The quantitative strategy is based on only one sector - technology - and only one factor - quality. This obviously carries substantial concentration risk, and the idea is not that investors should blindly replicate the strategy in real life but rather use the strategy a source of ideas when looking for high-quality stocks in technology.

The quantitative strategy is based on current data regarding profitability levels for the business in the portfolio. Before making an investment, investors need to check that the company has what it needs in order to sustain performance in the future.

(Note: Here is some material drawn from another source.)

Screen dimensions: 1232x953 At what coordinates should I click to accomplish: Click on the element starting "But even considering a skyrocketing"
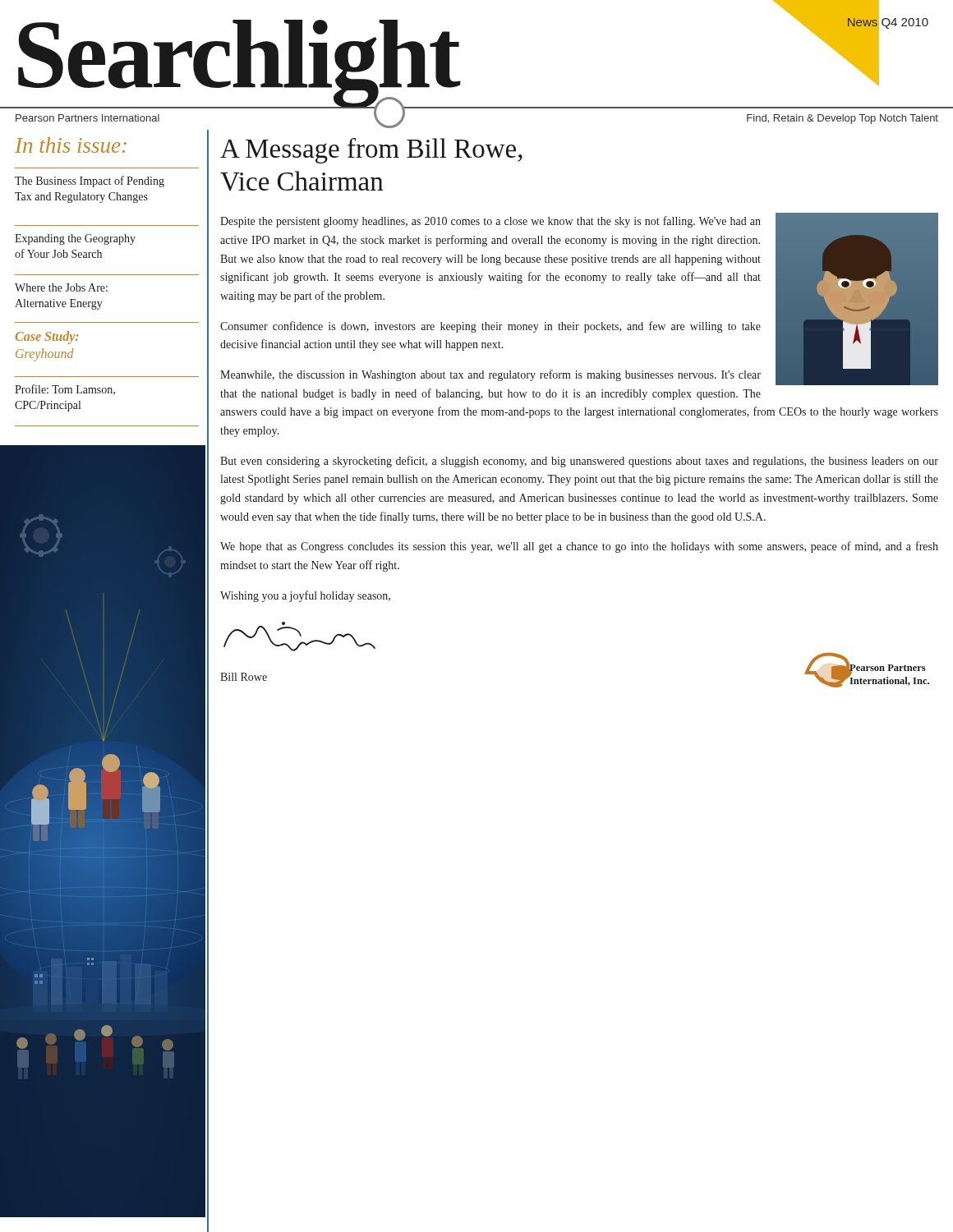pyautogui.click(x=579, y=489)

If profitability levels are unsustainable for whatever reason, then it doesn't make any sense to invest based on the portfolio recommendations from the strategy.

Another key factor to consider is that the strategy does not incorporate any valuation criteria for the stocks in the portfolio. Companies with superior quality deserve a valuation premium versus the broad market, but when valuations are excessively high, even the best companies can be mediocre investments.

Those limitations being recognized, the table shows the 25 stocks currently picked by the strategy. Data in the table also includes operating margin and return on investment levels for the companies in the portfolio to provide a broad idea about profitability levels for these names.

Ticker Name Operating Margin ROI
ADBE Adobe Inc. 29.65 22.47
ANSS ANSYS Inc. 36.3 16.22
ANET Arista Networks Inc. 32.61 17.58
AZPN Aspen Technology Inc. 42.09 75.33
CDNS Cadence Design Systems Inc. 21.08 22.03
CHKP Check Point Software 47.2 22.22
CSCO Cisco Systems Inc. 26.94 20.39
CTXS Citrix Systems Inc. 21.65 22.06
CGNX Cognex Corp. 26.74 18.85
FFIV F5 Networks Inc. 28.65 37.31
INTU Intuit Inc. 29.58 45.29
KLAC KLA-Tencor Corp. 35.25 27.31
MA Mastercard Inc. 56.89 52.83
MU Micron Technology Inc. 47.11 34.77
NTAP NetApp Inc. 19.25 35.12
NVDA NVIDIA Corp. 27.12 30.28
PAYX Paychex Inc. 37.63 37.39
PAYC Paycom Software Inc. 30.24 35.03
QLYS Qualys Inc. 20.37 15.7
RHT Red Hat Inc. 16.25 21.52
TXN Texas Instruments Inc. 41.99 37.57
UBNT Ubiquiti Networks Inc. 34.9 44.98
VRSN Verisign Inc. 64.01 85.98
V Visa Inc. 66.81 22.65
XLNX Xilinx Inc. 31.72 22.71

Disclosure: I am/we are long ANET, LRCX. I wrote this article myself, and it expresses my own opinions. I am not receiving compensation for it (other than from Seeking Alpha). I have no business relationship with any company whose stock is mentioned in this article.